В этой сюрреалистической сцене становится ясно, что роковая слабость Ивана – не только его логика, но и его абсолютизм. Читатель понимает, что если бы только парадокс мог существовать между парадоксом, а не отрицать его, если бы он мог утверждать и принимать противоречие и иррациональность жизни, он был бы искуплен от безумия. «Нет, вы должны пойти и отрицать, без отрицания нет критики, и что бы был журнал без колонки критики? Без критики это была бы ничто иное, как «осанна». Но ничего, кроме осанны, недостаточно для жизни, осанна должна быть испытана в тигле сомнения и т. Д. »(780). Иван желает жить только одной крайностью или другой; расстояние между ними составляет «квадриллион миль», и он не желает принять трудное путешествие – в своем отчаянии он все еще верит в простой абсолют «единой осанны».

Но даже это убеждение разбивается, когда Иван узнает о самоубийстве Смердякова. Иван теперь признает, что невозможная простота, к которой он отчаянно стремился, действительно невозможна. Он больше не может избавиться от своей проклятой логики, признавшись и получив наказание за участие в убийстве своего отца. Парадокс умножался и усугублялся до тех пор, пока дух Ивана, в его слабости (поскольку он все время был слабым), не рухнул от «лихорадки мозга»: «… нерешительность, нерешительность, конфликт между верой и неверием – иногда такая пытка для добросовестного человека человек …»(784).

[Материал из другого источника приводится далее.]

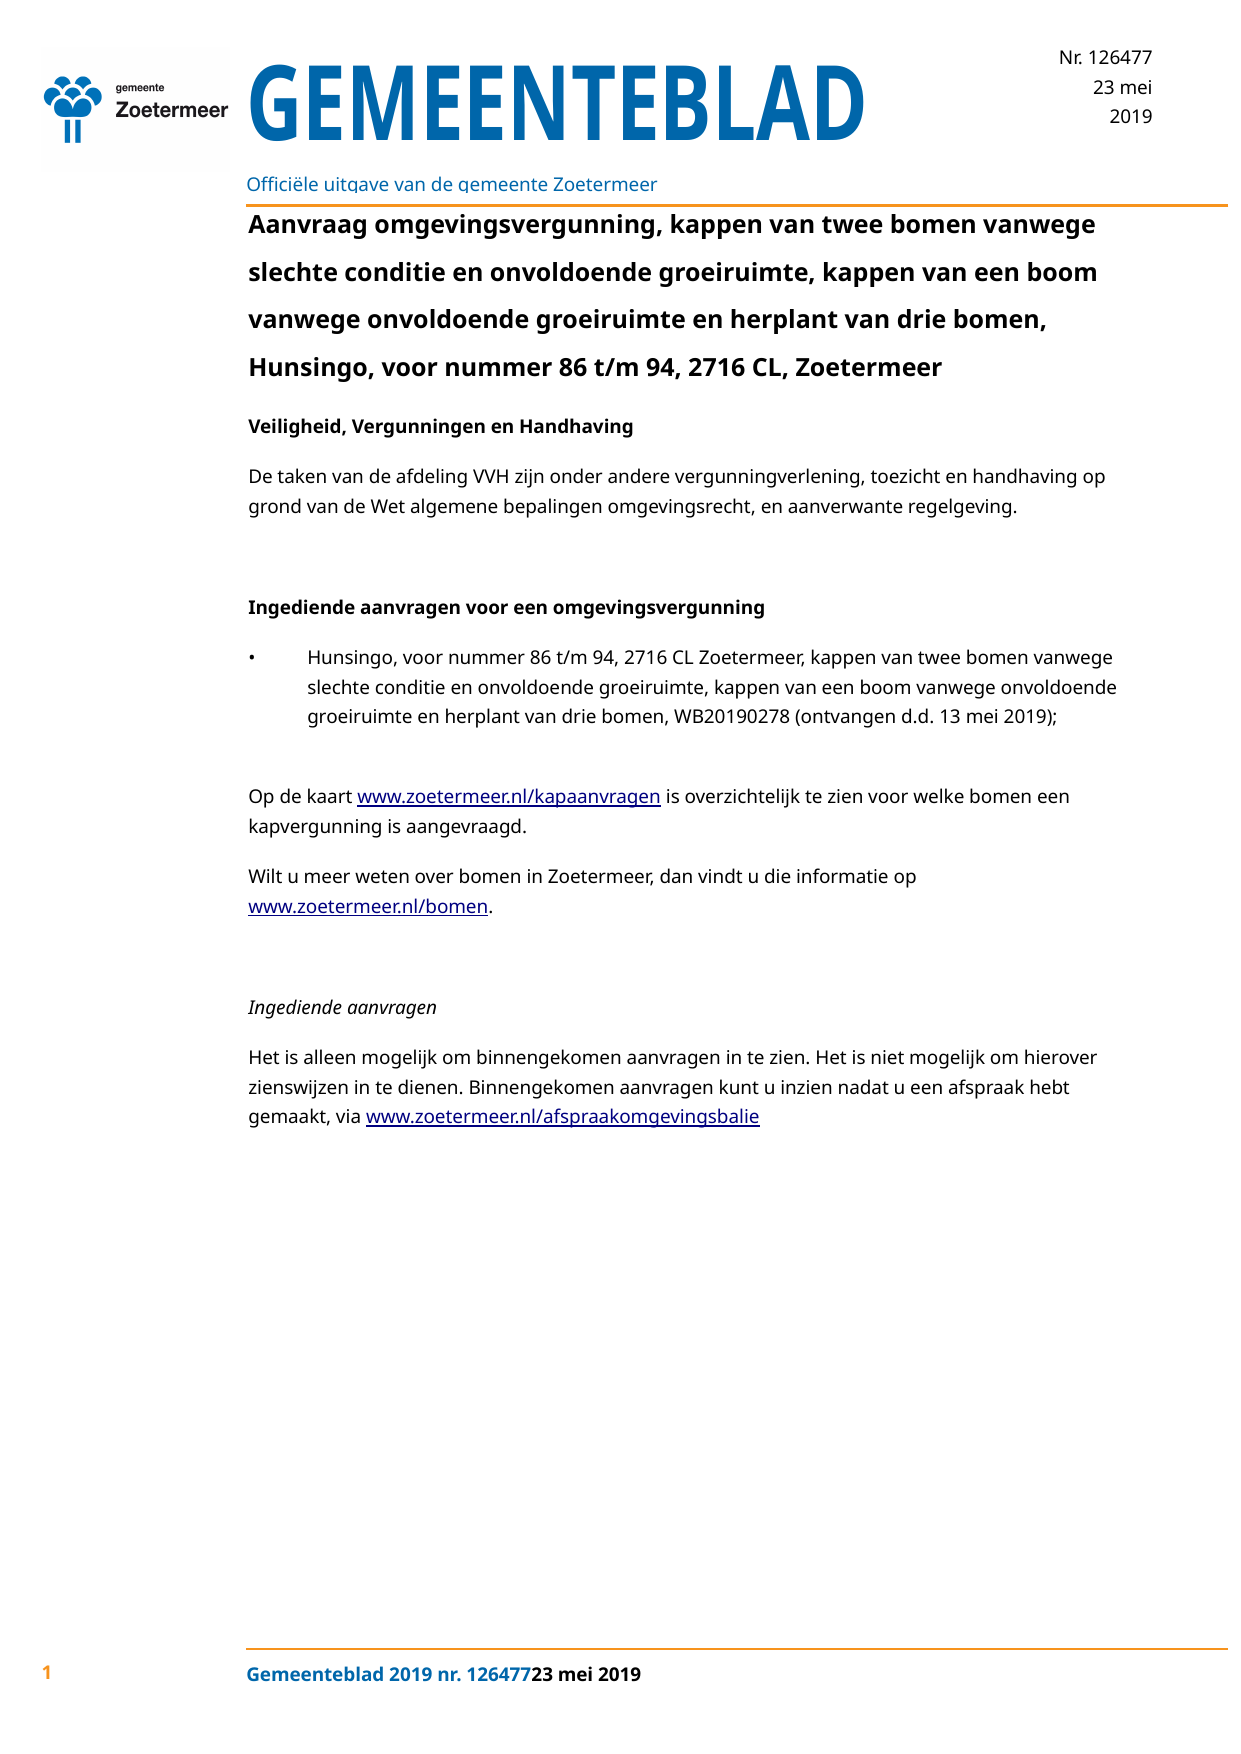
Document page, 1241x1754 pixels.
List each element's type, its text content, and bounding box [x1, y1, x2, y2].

Обиженный хроническим неверием, Иван действительно трагическая фигура. Осужденные, чтобы позволить себе жить только через призму его здравого смысла, «неопределенные вопросы» приводят в бешенство и раздражают «трехмерный ум» Ивана. Через Достоевского через Ивана звучит вопрос о значении разума и разума, если это ценой сострадания, человечности и веры. Иван терпит неудачу, потому что его душе не хватает сил, чтобы пройти квадриллион миль. Парадокс слабости Ивана трагичен – поскольку он не может поверить в «две секунды радости», он никогда не найдет ни минуты передышки от пыток своей саморазрушающей логики.

Зарегистрируйся, чтобы продолжить изучение работы

    Поделиться сочинением
    Ещё сочинения
    Нет времени делать работу? Закажите!

    Отправляя форму, вы соглашаетесь с политикой конфиденциальности и обработкой ваших персональных данных.